During the experiment, the engine will optimize the RAG Pattern for the selected metric over the given search space, using an objective function to evaluate each configuration.

```python
from ai4rag.search_space.src.parameter import Parameter
from ai4rag.search_space.src.search_space import AI4RAGSearchSpace
from ai4rag.rag.foundation_models.llama_stack import LSFoundationModel
from ai4rag.rag.embedding.llama_stack import LSEmbeddingModel


search_space = AI4RAGSearchSpace(
    params=[
        Parameter(
            name="foundation_model",
            param_type="C",
            values=[LSFoundationModel(model_id="ollama/llama3.2:3b", client=client)],
        ),
        Parameter(
            name="embedding_model",
            param_type="C",
            values=[
                LSEmbeddingModel(
                    model_id="ollama/nomic-embed-text:latest",
                    client=client,
                    params={"embedding_dimension": 768, "context_length": 8192},
                )
            ]
        )
    ]
)
```

> [!tip]
> To run automatic models discovery with Llama Stack you may use `prepare_search_space_with_llama_stack()` from `ai4rag.search_space.prepare_search_space`.


### Configure optimizer
You have full control over the optimization algorithm.

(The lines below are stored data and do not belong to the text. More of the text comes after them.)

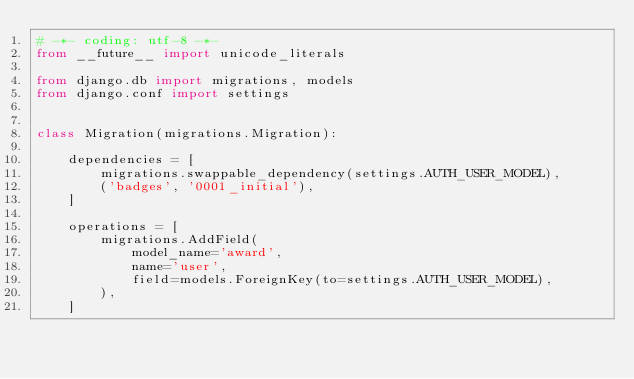Convert code to text. <code><loc_0><loc_0><loc_500><loc_500><_Python_># -*- coding: utf-8 -*-
from __future__ import unicode_literals

from django.db import migrations, models
from django.conf import settings


class Migration(migrations.Migration):

    dependencies = [
        migrations.swappable_dependency(settings.AUTH_USER_MODEL),
        ('badges', '0001_initial'),
    ]

    operations = [
        migrations.AddField(
            model_name='award',
            name='user',
            field=models.ForeignKey(to=settings.AUTH_USER_MODEL),
        ),
    ]
</code>

Configure the `GAMOptimizer` by adjusting `GAMOptSettings`.

```python
from ai4rag.core.hpo.gam_opt import GAMOptSettings

optimizer_settings = GAMOptSettings(
    max_evals=10, n_random_nodes=4
)
```


### Run the experiment
Using the information from the previous steps, create an experiment and run the ai4rag optimization engine.

> [!note]
> For Llama Stack vector stores, use the `"ls_<provider_id>"` format where `<provider_id>` matches your Llama Stack
> provider configuration (e.g., `"ls_milvus"`, `"ls_qdrant"`).
> To use ChromaDB in-memory, specify `"chroma"`.

```python
from ai4rag.core.experiment.experiment import AI4RAGExperiment
from ai4rag.utils.event_handler import LocalEventHandler

experiment = AI4RAGExperiment(
    client=client,
    documents=documents,
    benchmark_data=benchmark_data,
    search_space=search_space,
    vector_store_type="ls_milvus",
    optimizer_settings=optimizer_settings,
    event_handler=LocalEventHandler(output_path="<local-path-to-store-your-output-files>"),
)

experiment.search()
best_eval = experiment.results.get_best_evaluations(k=1)[0]
print(best_eval)

print(best_eval.rag_pattern.generate("What ai4rag can be used for?"))
```

> [!tip]
> For production use, implement your own custom `EventHandler` to handle status changes and artifacts produced during the experiment.
> See the [`BaseEventHandler` implementation](http://github.com/IBM/ai4rag/blob/main/ai4rag/utils/event_handler/event_handler.py) for reference.


## Contribution
Pull requests are very welcome! Make sure your patches are well tested. Ideally create a topic branch for every separate change you make. For example:

1. Fork the repo
2. Create your feature branch (`git checkout -b my-new-feature`)
3. Commit your changes (`git commit -am 'Added some feature'`)
4. Push to the branch (`git push origin my-new-feature`)
5. Create new Pull Request

See more details in [contributing section](contributing.md).